Extended Data Fig. 3: Training connectivity with model mismatch, related to Fig. 4.
From: Prediction of neural activity in connectome-constrained recurrent networks

A Teacher with model mismatch in the activation function, from Fig. 4a-c. B Example traces of one recorded neuron and one unrecorded neuron in the teacher and after training the student with mismatch in the β parameter. The students networks were trained with 20 recorded neurons (left) and with 150 recorded neurons (right). C Teacher-student framework with mismatch. We train the connectivity of the student, given the teacher’s connectivity as initial condition. The single-neuron parameters are the same in teacher and student, while there is a mismatch in the activation function.
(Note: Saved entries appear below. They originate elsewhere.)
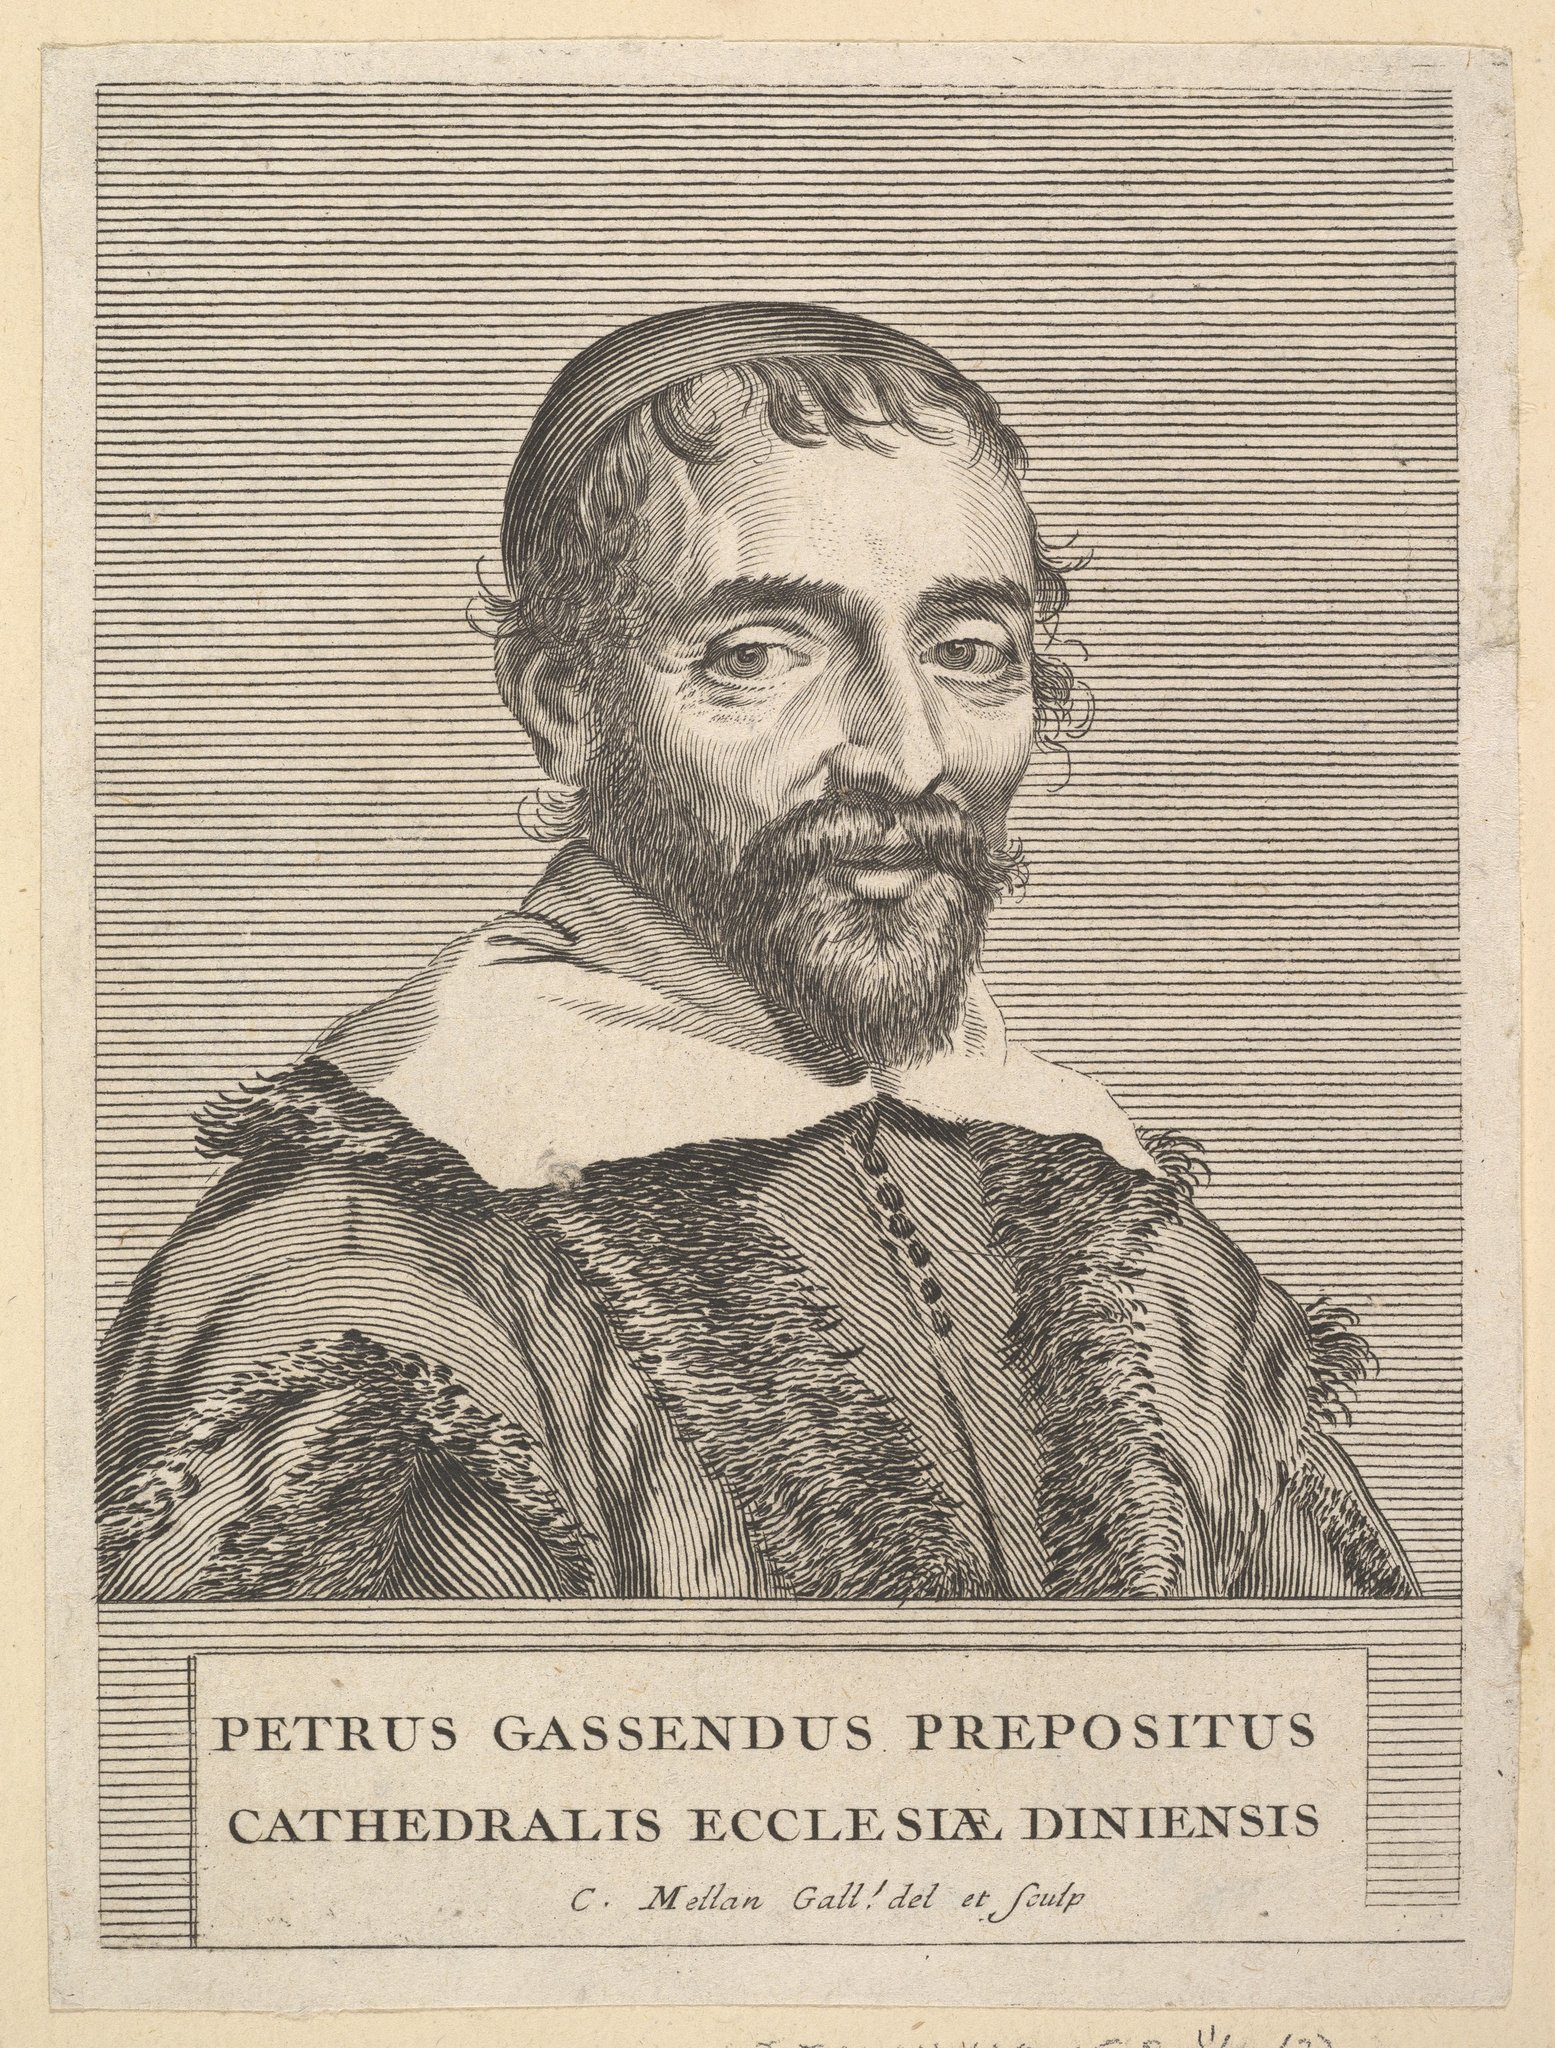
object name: print
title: Pierre Grassendi
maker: anonymous, french, 17th century
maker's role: artist
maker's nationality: french
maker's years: 1600-1700
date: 1620-1700
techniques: engraving
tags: men,portraits

Same network as in Fig. 4. D The activation function is a smooth rectification but with different degrees of smoothness, parameterized by a parameter β. Teacher RNN from Fig. 2. E Errors in the activity of recorded (left) and unrecorded (right) neurons for different values of model mismatch between teacher and student. We observe a minor decrease in the error in unrecorded neurons when recording from a large number of neurons, M ≈ 150. F Error in the recorded activity (loss function) for three different mismatch values as a function of training epochs (β = 1. means no mismatch). G Error in the unrecorded activity (loss function) for three different mismatch values as a function of training epochs. H Removing the mismatch in activation by training an additional parameter. We train a student network with the same connectivity as the teacher and different single-neuron parameters. However, the student also does not know the smoothness parameter β. The trained parameters are therefore the gains and biases of each neuron and the smoothness β. I Error in unrecorded activity after training on a subset of M recorded units, similar to C. Training the smoothness parameter of the nonlinearity provides the student with the same prediction power as students without mismatch (see Fig. 2). J Estimated parameter β during training (average and SEM over 10 different initializations). Networks do not retrieve the exact teacher value (β* = 1) although converge to values not far from it on average. Students have a bias towards estimating sharper activation functions (β > 1). Both bias and variance are reduced as the number of recorded neurons is increased.